THE EMPEROR DOES not usually travel to visit the vassal.

However, President Xi Jinping will go to Moscow to meet his Russian counterpart and friend Vladimir Putin on Monday and Tuesday.

It will be his first visit to Russia since Putin’s invasion of Ukraine shortly after the two leaders declared their partnership without limits when they met during the Beijing Winter Olympics in February 2022.

Yet the war has made it transparent that there are limits to the relationship, and they are becoming complex.

The visit will be widely seen as a show of support by Xi for Putin, a message that China stands by its friends aimed at the Global South as much as at the West.

However, the visit also promotes hopes that Xi can develop an exit strategy with Putin to end the fighting, although, to this Bystander, those hopes are not well-founded.

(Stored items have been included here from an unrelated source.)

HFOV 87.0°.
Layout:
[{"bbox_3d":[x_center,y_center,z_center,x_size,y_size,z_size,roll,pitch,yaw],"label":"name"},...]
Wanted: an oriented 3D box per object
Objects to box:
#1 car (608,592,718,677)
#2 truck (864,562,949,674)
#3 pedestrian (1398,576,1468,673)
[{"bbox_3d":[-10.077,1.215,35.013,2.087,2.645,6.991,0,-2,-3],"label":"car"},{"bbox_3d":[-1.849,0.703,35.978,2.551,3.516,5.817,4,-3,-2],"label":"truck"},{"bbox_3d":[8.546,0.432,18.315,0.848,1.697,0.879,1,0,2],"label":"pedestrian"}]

China has put forward a 12-point peace plan, largely dismissed in the West as providing a ceasefire during which Moscow can regroup and rearm. The proposal does not require Russian troops to leave occupied territory. It also requires the West to withdraw, leading Moscow and Kyiv to negotiate an end to the conflict, presumably mediated by Beijing.

Xi is expected to talk to Ukrainian President Volodymyr Zelensky after he has met Putin. That may be the start of some shuttle diplomacy, but how much scope Xi has to pursue it is uncertain.

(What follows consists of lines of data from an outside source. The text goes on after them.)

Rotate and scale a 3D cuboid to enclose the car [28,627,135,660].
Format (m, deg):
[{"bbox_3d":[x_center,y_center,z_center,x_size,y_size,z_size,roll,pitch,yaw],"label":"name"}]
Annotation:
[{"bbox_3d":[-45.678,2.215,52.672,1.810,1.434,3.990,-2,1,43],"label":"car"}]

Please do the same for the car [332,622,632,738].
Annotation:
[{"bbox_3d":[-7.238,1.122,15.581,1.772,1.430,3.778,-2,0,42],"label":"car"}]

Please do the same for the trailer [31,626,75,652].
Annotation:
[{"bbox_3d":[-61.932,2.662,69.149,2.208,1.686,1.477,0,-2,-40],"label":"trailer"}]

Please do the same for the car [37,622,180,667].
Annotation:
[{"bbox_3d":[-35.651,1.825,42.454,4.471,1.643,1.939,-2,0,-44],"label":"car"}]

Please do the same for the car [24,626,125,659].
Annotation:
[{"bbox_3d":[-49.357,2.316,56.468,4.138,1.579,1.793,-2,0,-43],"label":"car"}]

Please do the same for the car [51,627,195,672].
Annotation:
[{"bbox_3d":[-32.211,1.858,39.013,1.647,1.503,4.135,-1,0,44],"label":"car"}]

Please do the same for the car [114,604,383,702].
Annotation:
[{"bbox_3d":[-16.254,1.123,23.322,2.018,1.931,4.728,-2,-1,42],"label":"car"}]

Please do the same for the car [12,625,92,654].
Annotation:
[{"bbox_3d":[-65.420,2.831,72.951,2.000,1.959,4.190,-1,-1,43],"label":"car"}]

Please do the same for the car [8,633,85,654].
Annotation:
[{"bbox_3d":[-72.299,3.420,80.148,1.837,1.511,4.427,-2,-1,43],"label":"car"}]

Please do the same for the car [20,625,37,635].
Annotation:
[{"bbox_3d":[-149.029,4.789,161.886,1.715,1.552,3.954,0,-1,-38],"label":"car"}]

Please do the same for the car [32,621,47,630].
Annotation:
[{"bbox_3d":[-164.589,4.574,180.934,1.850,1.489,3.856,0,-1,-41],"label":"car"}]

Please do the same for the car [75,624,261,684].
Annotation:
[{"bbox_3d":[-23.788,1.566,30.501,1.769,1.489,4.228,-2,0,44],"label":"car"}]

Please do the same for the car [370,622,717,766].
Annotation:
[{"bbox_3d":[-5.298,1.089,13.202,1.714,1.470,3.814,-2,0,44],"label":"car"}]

His biggest constraint is that any end to the war in Ukraine acceptable to the West will also require a new security architecture in Europe. While it would suit Xi to shape that to China’s advantage, it would be a monumental task that appears unachievable given the deteriorating state of China-US relations.

Putin’s surprise visit to the occupied Ukrainian port of Mariupol on Saturday suggests the Russian leader has no intention of backing down. The International Criminal Court issuing a warrant for his arrest gives him further incentive not to do so.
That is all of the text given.